In fact, there is a generic way of converting any additively homomorphic encryption scheme with large plaintext space into a PHE for AND with plaintexts in $\{0,1\}$.

Here is the idea: let $(\mathsf{KeyGen}, \mathsf{Enc},\mathsf{Dec})$ be an additively homomorphic encryption scheme; for simplicity, suppose that the plaintext space is $\mathbb{Z}_p$ for some large prime $p$. Define $(\mathsf{KeyGen}^*, \mathsf{Enc}^*,\mathsf{Dec}^*)$ as follows:

$\mathsf{KeyGen}^*$: same as $\mathsf{KeyGen}$.

$\mathsf{Enc}^*(m)$: if $m=0$, sample a uniformly random value $R \gets \mathbb{Z}_p$. If $m = 1$, set $R \gets 0$. Output an encryption $\mathsf{Enc}(R)$ of $R$ with the original scheme.

$\mathsf{Dec}^*(C)$: decrypt $C$ with $\mathsf{Dec}$ to get $R$. If $R = 0$, output $1$; else, output $0$.

Claim: $(\mathsf{KeyGen}^*, \mathsf{Enc}^*,\mathsf{Dec}^*)$ is a multiplicatively homomorphic encryption scheme over $\{0,1\}$, with negligible correctness error; the procedure for homomorphic multiplication is just the procedure for homomorphic addition of the original scheme.

This is easy to check: a sum of any number of encryptions of zero is still an encryption of zero. However, if a single ciphertext encrypts a nonzero value, the result becomes nonzero. In terms of the scheme $\mathsf{Enc}^*$, this translates to the fact that the AND of many 1's is still 1, but if a single bit is zero, the result is zero.

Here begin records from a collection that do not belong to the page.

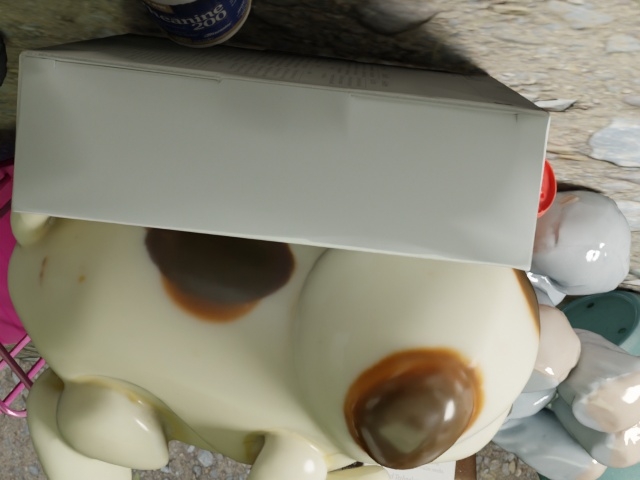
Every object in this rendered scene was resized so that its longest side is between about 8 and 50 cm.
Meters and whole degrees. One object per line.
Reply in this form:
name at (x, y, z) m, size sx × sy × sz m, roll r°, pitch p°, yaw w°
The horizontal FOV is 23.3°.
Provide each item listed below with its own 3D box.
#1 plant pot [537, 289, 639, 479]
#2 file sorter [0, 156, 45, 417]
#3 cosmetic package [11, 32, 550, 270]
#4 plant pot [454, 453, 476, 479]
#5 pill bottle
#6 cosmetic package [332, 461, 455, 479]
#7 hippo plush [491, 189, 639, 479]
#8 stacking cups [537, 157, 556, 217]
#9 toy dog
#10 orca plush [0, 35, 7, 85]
plant pot at (0.366, 0.176, 1.899) m, size 0.290 × 0.290 × 0.195 m, roll -4°, pitch 128°, yaw 43°
file sorter at (-0.337, 0.061, 1.516) m, size 0.290 × 0.182 × 0.202 m, roll -10°, pitch 120°, yaw 44°
cosmetic package at (-0.017, -0.070, 0.998) m, size 0.284 × 0.097 × 0.377 m, roll 5°, pitch -171°, yaw 1°
plant pot at (0.140, 0.243, 2.330) m, size 0.215 × 0.230 × 0.215 m, roll 7°, pitch 168°, yaw 2°
pill bottle at (-0.083, -0.166, 0.937) m, size 0.067 × 0.067 × 0.120 m, roll 5°, pitch 168°, yaw 8°
cosmetic package at (0.048, 0.213, 1.879) m, size 0.156 × 0.385 × 0.217 m, roll 15°, pitch 163°, yaw -38°
hippo plush at (0.213, 0.082, 1.486) m, size 0.234 × 0.236 × 0.294 m, roll 36°, pitch 146°, yaw -25°
stacking cups at (0.086, -0.027, 1.440) m, size 0.096 × 0.096 × 0.316 m, roll 14°, pitch 165°, yaw -29°
toy dog at (-0.020, 0.059, 1.254) m, size 0.408 × 0.284 × 0.395 m, roll 6°, pitch 134°, yaw 26°
orca plush at (-0.339, -0.133, 1.175) m, size 0.102 × 0.151 × 0.287 m, roll 36°, pitch 180°, yaw 18°
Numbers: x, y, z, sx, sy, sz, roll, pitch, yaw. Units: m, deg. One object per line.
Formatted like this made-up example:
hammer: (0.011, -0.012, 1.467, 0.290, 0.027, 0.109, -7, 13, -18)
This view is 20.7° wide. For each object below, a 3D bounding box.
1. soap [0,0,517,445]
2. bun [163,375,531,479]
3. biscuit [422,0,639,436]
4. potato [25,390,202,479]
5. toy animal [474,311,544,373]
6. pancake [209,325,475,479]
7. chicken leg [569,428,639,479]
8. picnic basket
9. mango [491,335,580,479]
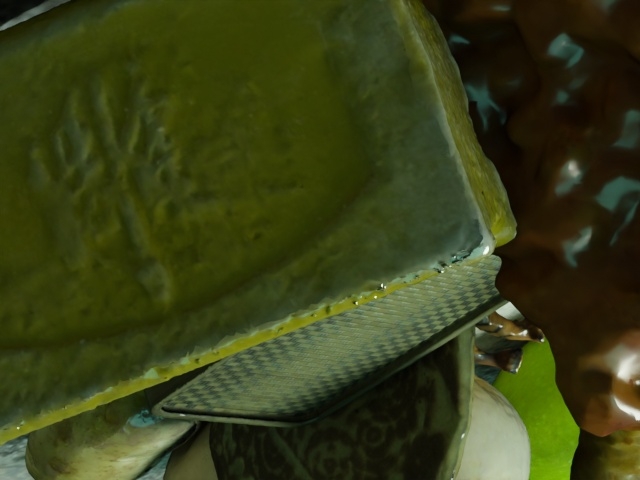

Since the addition is done mod $p$, there is a tiny chance that a sum of nonzero values will give a zero, hence the homomorphic algorithm has imperfect correctness; however, if $p$ is large enough, this happens only with negligible probability.

Two additional comments:

  • The above transformation gives an additional useful property: if the original encryption scheme is rerandomizable, then so is the new encryption scheme. Said otherwise, you canc guarantee that the homomorphic AND of $n$ ciphertexts only leaks the AND of the plaintexts, and nothing about the individual values of the plaintext (a generic PHE does not necessarily satisfy that, but this is often needed in applications - for example, this is needed in the example application of unanimous voting in your question)
  • The additively homomorphic variant of ElGamal (a ciphertext is of the form $(g^r, h^r\cdot g^m)$) can be used here: it does not enjoy efficient decryption, but it is easy to check that it is not important in this transformation, since we only need to be able to check whether a ciphertext decrypts to 0 or not, and this can always be checked given $g^m$ (which is what you get when decrypting ElGamal).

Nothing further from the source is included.